*Data for this task*
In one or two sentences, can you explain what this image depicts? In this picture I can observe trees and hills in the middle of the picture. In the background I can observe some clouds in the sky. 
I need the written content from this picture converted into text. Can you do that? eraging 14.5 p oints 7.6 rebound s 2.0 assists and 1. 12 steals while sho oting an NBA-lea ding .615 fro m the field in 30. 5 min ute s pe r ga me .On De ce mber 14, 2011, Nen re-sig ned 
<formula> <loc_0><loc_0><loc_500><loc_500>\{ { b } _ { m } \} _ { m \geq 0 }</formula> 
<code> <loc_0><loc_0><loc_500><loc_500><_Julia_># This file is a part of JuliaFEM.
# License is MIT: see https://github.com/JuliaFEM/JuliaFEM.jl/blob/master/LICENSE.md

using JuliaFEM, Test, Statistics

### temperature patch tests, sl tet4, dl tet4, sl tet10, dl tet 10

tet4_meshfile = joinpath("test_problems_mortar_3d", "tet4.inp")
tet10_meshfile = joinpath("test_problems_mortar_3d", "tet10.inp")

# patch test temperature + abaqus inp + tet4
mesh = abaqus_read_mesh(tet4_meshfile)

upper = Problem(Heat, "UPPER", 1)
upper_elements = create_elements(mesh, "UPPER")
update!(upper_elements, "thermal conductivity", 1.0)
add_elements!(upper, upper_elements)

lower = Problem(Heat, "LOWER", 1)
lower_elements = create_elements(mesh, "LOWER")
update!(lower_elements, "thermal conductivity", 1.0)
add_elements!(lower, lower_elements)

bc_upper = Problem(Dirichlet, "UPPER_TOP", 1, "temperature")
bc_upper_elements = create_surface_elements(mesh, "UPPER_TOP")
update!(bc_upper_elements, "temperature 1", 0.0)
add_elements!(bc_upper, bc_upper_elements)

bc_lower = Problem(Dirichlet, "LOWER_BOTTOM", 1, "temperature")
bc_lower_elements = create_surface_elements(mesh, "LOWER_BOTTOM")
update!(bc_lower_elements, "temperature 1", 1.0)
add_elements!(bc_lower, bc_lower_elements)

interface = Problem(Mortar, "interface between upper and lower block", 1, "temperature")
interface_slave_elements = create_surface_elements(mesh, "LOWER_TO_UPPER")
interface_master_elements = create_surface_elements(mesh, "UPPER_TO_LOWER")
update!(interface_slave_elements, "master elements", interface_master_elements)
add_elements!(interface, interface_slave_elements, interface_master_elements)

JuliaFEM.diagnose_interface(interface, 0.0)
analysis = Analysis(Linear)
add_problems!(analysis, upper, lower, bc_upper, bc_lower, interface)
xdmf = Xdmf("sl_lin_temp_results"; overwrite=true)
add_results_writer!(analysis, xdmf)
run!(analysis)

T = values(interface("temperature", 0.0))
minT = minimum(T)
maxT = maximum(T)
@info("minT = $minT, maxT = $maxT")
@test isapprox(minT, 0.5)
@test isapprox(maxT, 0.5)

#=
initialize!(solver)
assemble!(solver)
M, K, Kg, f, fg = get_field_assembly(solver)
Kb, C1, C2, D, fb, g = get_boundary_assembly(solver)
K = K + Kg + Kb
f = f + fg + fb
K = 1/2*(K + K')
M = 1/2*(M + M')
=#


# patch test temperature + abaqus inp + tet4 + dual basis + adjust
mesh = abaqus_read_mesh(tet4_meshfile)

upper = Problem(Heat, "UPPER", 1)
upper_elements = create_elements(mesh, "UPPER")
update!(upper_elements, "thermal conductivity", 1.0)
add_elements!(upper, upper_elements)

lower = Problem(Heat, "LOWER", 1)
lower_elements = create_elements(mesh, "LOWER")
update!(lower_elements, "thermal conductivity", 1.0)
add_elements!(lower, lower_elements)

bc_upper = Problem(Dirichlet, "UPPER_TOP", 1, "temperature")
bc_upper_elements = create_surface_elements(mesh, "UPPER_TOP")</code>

*What the exercise asks*
Give the listing above again, word for word.

*Finished task*
In one or two sentences, can you explain what this image depicts? In this picture I can observe trees and hills in the middle of the picture. In the background I can observe some clouds in the sky. 
I need the written content from this picture converted into text. Can you do that? eraging 14.5 p oints 7.6 rebound s 2.0 assists and 1. 12 steals while sho oting an NBA-lea ding .615 fro m the field in 30. 5 min ute s pe r ga me .On De ce mber 14, 2011, Nen re-sig ned 
<formula> <loc_0><loc_0><loc_500><loc_500>\{ { b } _ { m } \} _ { m \geq 0 }</formula> 
<code> <loc_0><loc_0><loc_500><loc_500><_Julia_># This file is a part of JuliaFEM.
# License is MIT: see https://github.com/JuliaFEM/JuliaFEM.jl/blob/master/LICENSE.md

using JuliaFEM, Test, Statistics

### temperature patch tests, sl tet4, dl tet4, sl tet10, dl tet 10

tet4_meshfile = joinpath("test_problems_mortar_3d", "tet4.inp")
tet10_meshfile = joinpath("test_problems_mortar_3d", "tet10.inp")

# patch test temperature + abaqus inp + tet4
mesh = abaqus_read_mesh(tet4_meshfile)

upper = Problem(Heat, "UPPER", 1)
upper_elements = create_elements(mesh, "UPPER")
update!(upper_elements, "thermal conductivity", 1.0)
add_elements!(upper, upper_elements)

lower = Problem(Heat, "LOWER", 1)
lower_elements = create_elements(mesh, "LOWER")
update!(lower_elements, "thermal conductivity", 1.0)
add_elements!(lower, lower_elements)

bc_upper = Problem(Dirichlet, "UPPER_TOP", 1, "temperature")
bc_upper_elements = create_surface_elements(mesh, "UPPER_TOP")
update!(bc_upper_elements, "temperature 1", 0.0)
add_elements!(bc_upper, bc_upper_elements)

bc_lower = Problem(Dirichlet, "LOWER_BOTTOM", 1, "temperature")
bc_lower_elements = create_surface_elements(mesh, "LOWER_BOTTOM")
update!(bc_lower_elements, "temperature 1", 1.0)
add_elements!(bc_lower, bc_lower_elements)

interface = Problem(Mortar, "interface between upper and lower block", 1, "temperature")
interface_slave_elements = create_surface_elements(mesh, "LOWER_TO_UPPER")
interface_master_elements = create_surface_elements(mesh, "UPPER_TO_LOWER")
update!(interface_slave_elements, "master elements", interface_master_elements)
add_elements!(interface, interface_slave_elements, interface_master_elements)

JuliaFEM.diagnose_interface(interface, 0.0)
analysis = Analysis(Linear)
add_problems!(analysis, upper, lower, bc_upper, bc_lower, interface)
xdmf = Xdmf("sl_lin_temp_results"; overwrite=true)
add_results_writer!(analysis, xdmf)
run!(analysis)

T = values(interface("temperature", 0.0))
minT = minimum(T)
maxT = maximum(T)
@info("minT = $minT, maxT = $maxT")
@test isapprox(minT, 0.5)
@test isapprox(maxT, 0.5)

#=
initialize!(solver)
assemble!(solver)
M, K, Kg, f, fg = get_field_assembly(solver)
Kb, C1, C2, D, fb, g = get_boundary_assembly(solver)
K = K + Kg + Kb
f = f + fg + fb
K = 1/2*(K + K')
M = 1/2*(M + M')
=#


# patch test temperature + abaqus inp + tet4 + dual basis + adjust
mesh = abaqus_read_mesh(tet4_meshfile)

upper = Problem(Heat, "UPPER", 1)
upper_elements = create_elements(mesh, "UPPER")
update!(upper_elements, "thermal conductivity", 1.0)
add_elements!(upper, upper_elements)

lower = Problem(Heat, "LOWER", 1)
lower_elements = create_elements(mesh, "LOWER")
update!(lower_elements, "thermal conductivity", 1.0)
add_elements!(lower, lower_elements)

bc_upper = Problem(Dirichlet, "UPPER_TOP", 1, "temperature")
bc_upper_elements = create_surface_elements(mesh, "UPPER_TOP")</code>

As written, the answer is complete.